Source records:
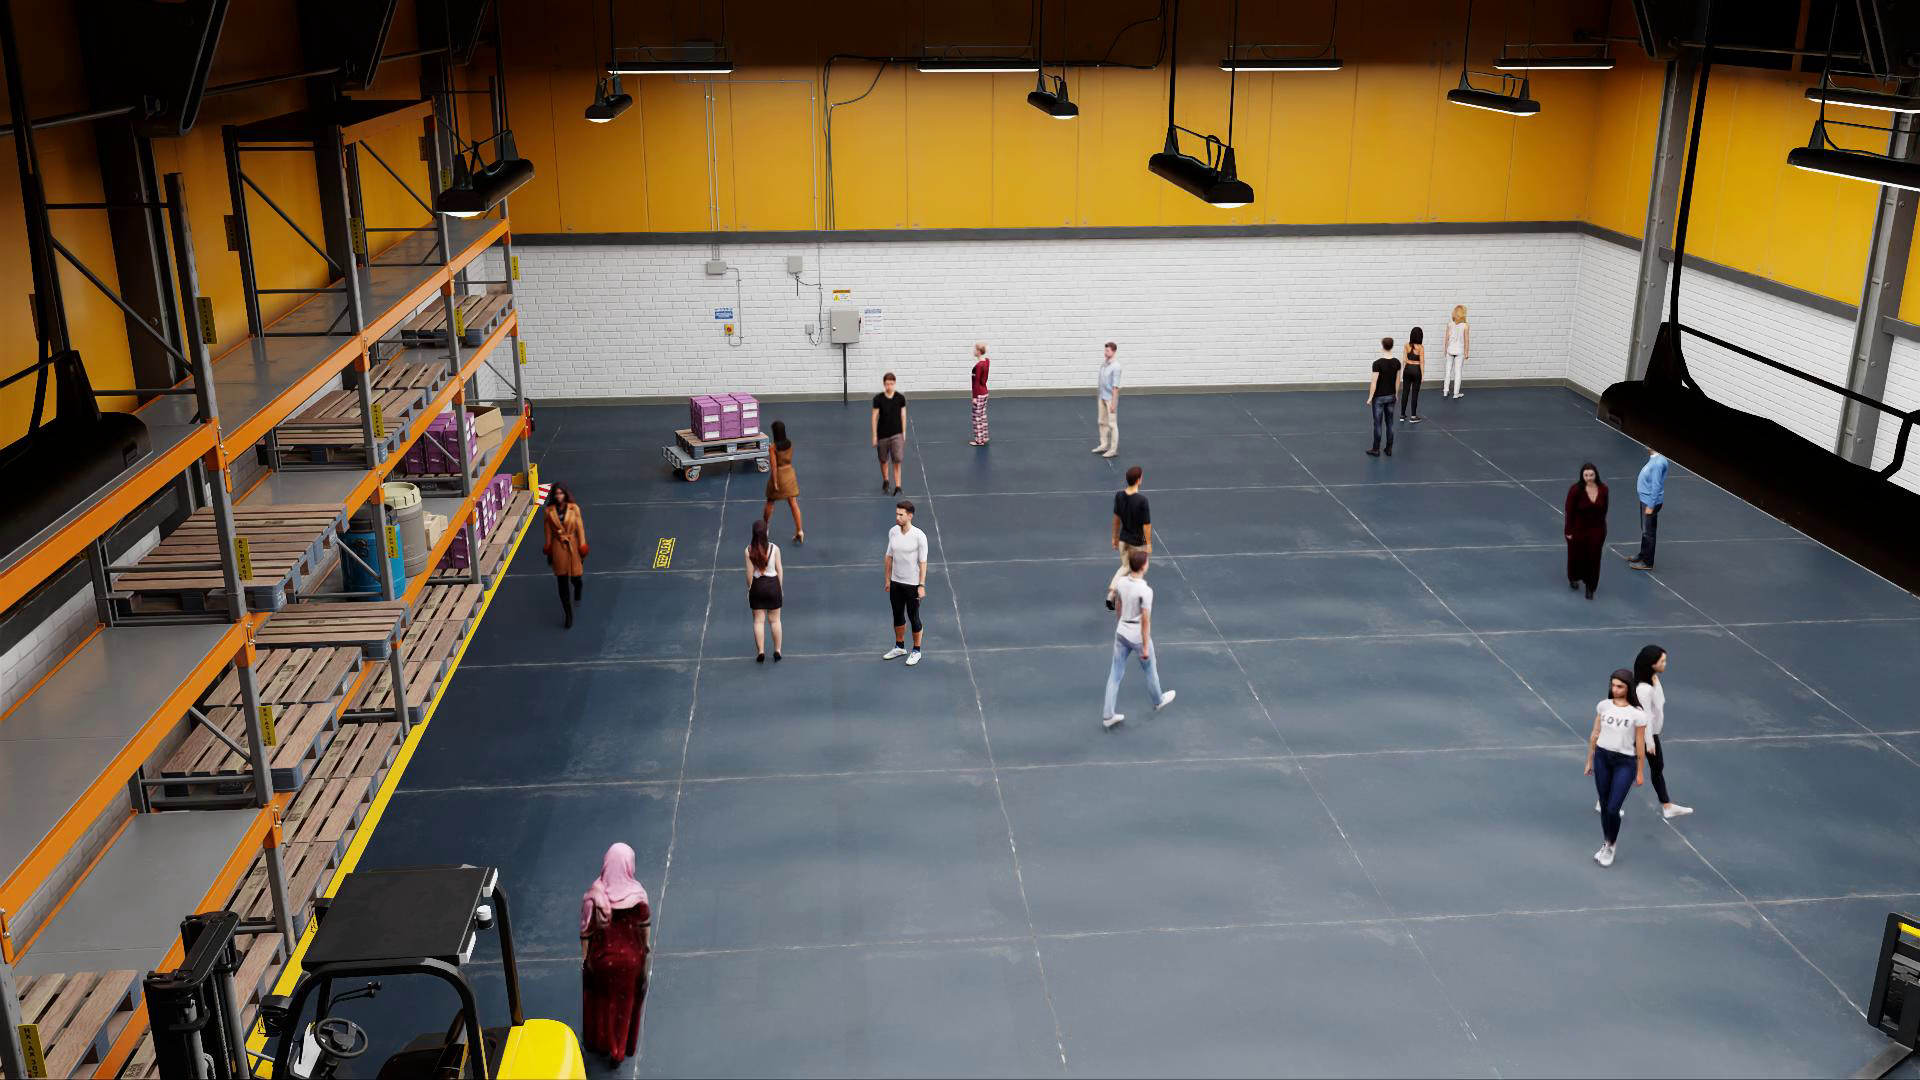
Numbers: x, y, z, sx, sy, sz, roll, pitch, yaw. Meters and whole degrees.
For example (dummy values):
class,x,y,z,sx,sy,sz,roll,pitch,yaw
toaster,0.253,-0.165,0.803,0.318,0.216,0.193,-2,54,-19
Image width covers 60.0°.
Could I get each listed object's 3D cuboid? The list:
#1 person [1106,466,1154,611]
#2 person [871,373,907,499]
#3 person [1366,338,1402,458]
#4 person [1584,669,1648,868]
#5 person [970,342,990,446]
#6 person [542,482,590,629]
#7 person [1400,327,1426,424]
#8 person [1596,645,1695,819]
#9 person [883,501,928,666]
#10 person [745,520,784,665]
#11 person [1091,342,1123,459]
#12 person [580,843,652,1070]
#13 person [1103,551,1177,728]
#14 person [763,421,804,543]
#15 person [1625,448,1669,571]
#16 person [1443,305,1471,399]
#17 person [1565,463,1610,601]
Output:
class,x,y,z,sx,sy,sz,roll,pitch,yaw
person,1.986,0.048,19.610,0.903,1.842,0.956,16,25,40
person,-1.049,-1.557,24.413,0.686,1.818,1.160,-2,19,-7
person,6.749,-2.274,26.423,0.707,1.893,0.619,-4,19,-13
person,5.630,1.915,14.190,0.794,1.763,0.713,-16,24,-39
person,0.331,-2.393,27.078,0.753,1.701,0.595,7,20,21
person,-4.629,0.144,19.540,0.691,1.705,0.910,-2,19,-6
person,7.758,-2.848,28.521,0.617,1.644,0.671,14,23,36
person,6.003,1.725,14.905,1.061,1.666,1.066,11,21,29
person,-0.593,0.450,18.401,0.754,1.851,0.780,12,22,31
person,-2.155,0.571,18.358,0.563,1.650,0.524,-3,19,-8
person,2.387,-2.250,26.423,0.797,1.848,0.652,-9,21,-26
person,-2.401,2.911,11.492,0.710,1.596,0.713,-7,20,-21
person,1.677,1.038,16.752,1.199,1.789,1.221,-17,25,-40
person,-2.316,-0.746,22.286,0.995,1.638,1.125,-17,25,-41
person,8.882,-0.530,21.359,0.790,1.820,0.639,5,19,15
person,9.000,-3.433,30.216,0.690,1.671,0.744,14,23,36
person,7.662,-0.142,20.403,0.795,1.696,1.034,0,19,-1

WORK INSTRUCTION: All lines above from the line with "#1 person [1106,466,1154,611]" through the line with "#17 person [1565,463,1610,601]", both included, are to be set down exactly, with nothing else.

ANSWER TO THE EXERCISE:
#1 person [1106,466,1154,611]
#2 person [871,373,907,499]
#3 person [1366,338,1402,458]
#4 person [1584,669,1648,868]
#5 person [970,342,990,446]
#6 person [542,482,590,629]
#7 person [1400,327,1426,424]
#8 person [1596,645,1695,819]
#9 person [883,501,928,666]
#10 person [745,520,784,665]
#11 person [1091,342,1123,459]
#12 person [580,843,652,1070]
#13 person [1103,551,1177,728]
#14 person [763,421,804,543]
#15 person [1625,448,1669,571]
#16 person [1443,305,1471,399]
#17 person [1565,463,1610,601]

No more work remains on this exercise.